Scene from Whoopee! (1930), directed by Busby Berkeley.

In case its claims to be a global choreographer were not broadcast loudly enough, UPS’s Beijing performance reiterates the message in the most literal way. Much of the footage from the UPS dance routines in Beijing is filmed from above, allowing viewers to witness the dynamic forms produced by the assemblage of bodies. Such images cannot fail to invoke the more spectacular dance numbers in the musicals of Busby Berkeley, especially his work for Warner Brothers in the early 1930s including 42nd Street, Gold Diggers of 1933, and Dames. Berkeley’s work is characterized by the precisely coordinated organization of battalions of showgirls to create dazzling geometric effects. Often shot from above using specially designed armatures, the hordes of dancers are transformed, with the help of elaborate stage mechanisms, into kaleidoscopic displays of bodies. For example, “I’m Young and Healthy” from 42nd Street uses a patented, segmented turntable stage to transform its performers into efflorescent cogs and whorls, simultaneously mechanical and botanical. Choreography for Berkeley amounted to an exercise in control in which every piece, whether human or non-human, is accounted for with exacting measure. For example, in preparation for the film Waterfall, Berkeley instilled discipline in his performers by relentlessly mapping out the routines through drawing: “In the first two days of rehearsal, before the Berkeley girls entered the pool, they studiously watched Buzz at the blackboard where, like a football coach, he white-chalked the patterns and movements the girls would undertake in the pool.”[5] Choreography here is thus associated with awareness of the time and the space of each piece, but also with notation. In the same way that Berkeley would trace out the paths of his dancers, so too do the arrows of UPS’s advertisements inscribe their objects’ trajectories on the space of the city. Perhaps not coincidentally, the composer who worked most closely with Berkeley in these years was Harry Warren, one of Hollywood’s most prolific and successful songwriters and, as it turns out, the composer of “That’s Amore.” While the connection may be distant, the links between Berkeley’s regimented choreography, Warren’s song, and UPS’s new campaign trigger a longer story about just what logistics is, what it does, and what love has got to do with it, anyway.

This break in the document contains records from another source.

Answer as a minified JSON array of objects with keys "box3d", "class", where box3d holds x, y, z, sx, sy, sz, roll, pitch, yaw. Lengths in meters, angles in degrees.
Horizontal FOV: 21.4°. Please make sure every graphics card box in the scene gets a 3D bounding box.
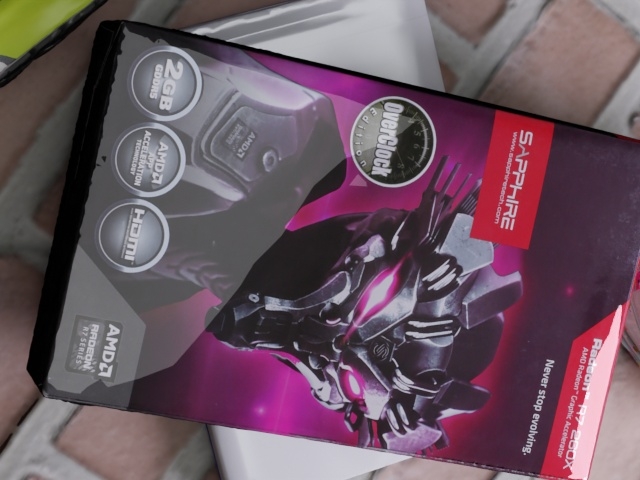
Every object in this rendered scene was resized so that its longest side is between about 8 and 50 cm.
[{"box3d":[0.019,0.011,1.070,0.371,0.094,0.232,12,94,-17],"class":"graphics card box"}]

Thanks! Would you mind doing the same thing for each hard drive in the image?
[{"box3d":[0.000,0.000,1.134,0.210,0.040,0.318,-17,102,-14],"class":"hard drive"}]

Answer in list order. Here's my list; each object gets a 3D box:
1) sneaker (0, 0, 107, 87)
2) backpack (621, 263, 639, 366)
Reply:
[{"box3d":[-0.261,-0.117,1.016,0.300,0.111,0.121,-39,97,-14],"class":"sneaker"},{"box3d":[0.268,0.044,1.182,0.182,0.115,0.152,48,65,-21],"class":"backpack"}]
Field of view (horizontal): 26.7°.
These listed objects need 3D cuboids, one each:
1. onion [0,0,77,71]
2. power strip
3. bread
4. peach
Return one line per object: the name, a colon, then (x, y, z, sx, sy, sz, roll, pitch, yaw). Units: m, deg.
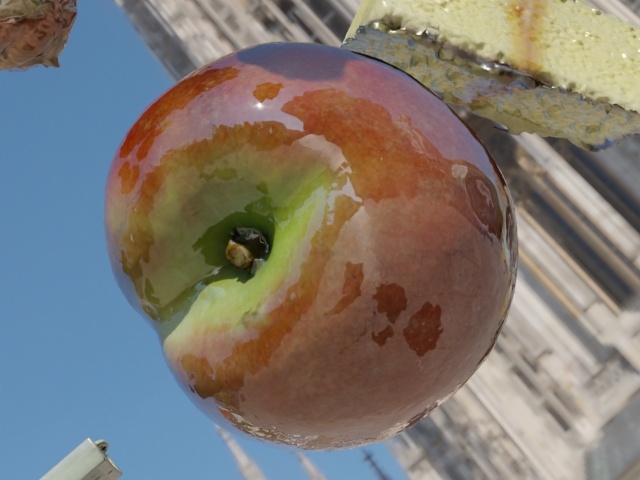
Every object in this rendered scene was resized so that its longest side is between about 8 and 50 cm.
onion: (-0.300, -0.303, 1.016, 0.353, 0.354, 0.354, -25, -36, -20)
power strip: (-0.173, 0.168, 0.785, 0.136, 0.019, 0.051, -41, -18, -11)
bread: (0.157, -0.158, 1.133, 0.178, 0.266, 0.142, 133, 159, -68)
peach: (0.000, 0.000, 0.812, 0.252, 0.252, 0.252, -25, -36, -20)
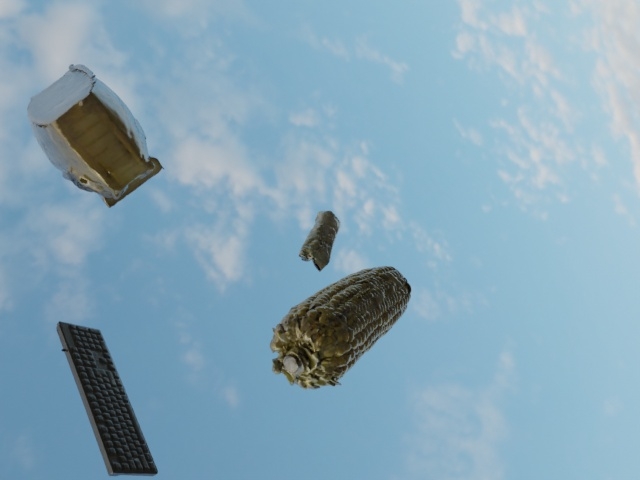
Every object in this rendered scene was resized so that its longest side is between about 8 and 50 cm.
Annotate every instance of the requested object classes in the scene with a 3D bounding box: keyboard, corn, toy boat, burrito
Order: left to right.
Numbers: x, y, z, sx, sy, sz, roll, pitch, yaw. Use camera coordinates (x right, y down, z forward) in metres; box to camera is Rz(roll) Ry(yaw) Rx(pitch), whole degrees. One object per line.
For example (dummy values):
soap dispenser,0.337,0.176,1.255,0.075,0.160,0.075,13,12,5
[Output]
toy boat,-0.217,-0.094,0.677,0.089,0.321,0.121,-38,-62,-11
keyboard,-0.359,0.255,1.156,0.101,0.018,0.310,25,-156,-51
burrito,0.001,-0.001,1.212,0.051,0.042,0.171,37,-146,-8
corn,0.036,0.106,0.967,0.115,0.115,0.318,61,-150,1
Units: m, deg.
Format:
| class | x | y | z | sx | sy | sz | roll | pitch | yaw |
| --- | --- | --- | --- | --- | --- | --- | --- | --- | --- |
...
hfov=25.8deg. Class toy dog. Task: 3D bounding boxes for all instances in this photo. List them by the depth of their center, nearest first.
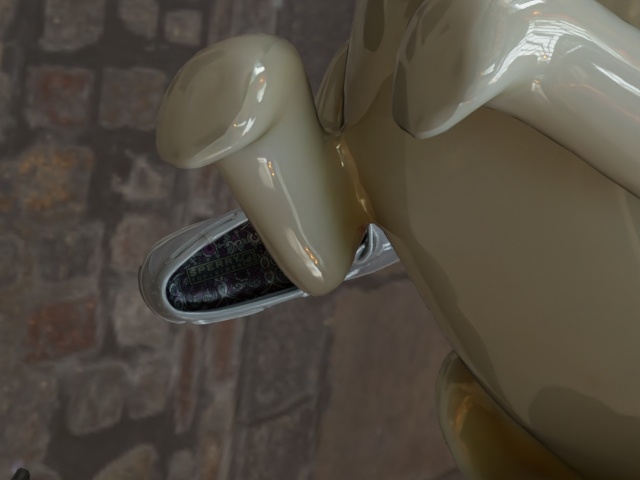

In the UPS television ads, amid the strains of “That’s Amore” one can discern the chirps of bar codes being scanned as the camera pans over boxes in motion. The bar code symbols themselves are superimposed over the objects, suggesting a new vision that will attend the new logistics promised by UPS. Bar codes are machine-readable symbols that translate a string of numbers legible to humans—in this case a product code—into a string of bits legible to computers. Different standards govern bar codes but in retail, at least, it is the Universal Product Code (UPC) that is most common. The first product ever to be recorded using a bar code and scanner was a ten-pack of Juicy Fruit chewing gum, purchased for $0.67 on 26 June 1974 in Troy, Ohio at 08:01.[6] The specific information attached to this transaction reflects the bar code’s ability to instantly record precise spatio-temporal data. Moreover, the bar code is one of the first symbols designed for computers to be read by computers. In order to better visualize the structure of the bar code, one can separate it into smaller bundles, each containing one number and eight bits. Each number is composed of a sequence of ones and zeroes, represented as solid or as void. With practice, one might come to more easily recognize the fortified “01111101” of the three or the wispy “10001000” of the eight. But reduced to the size of a postage stamp, the difference between one number and the next becomes harder to parse.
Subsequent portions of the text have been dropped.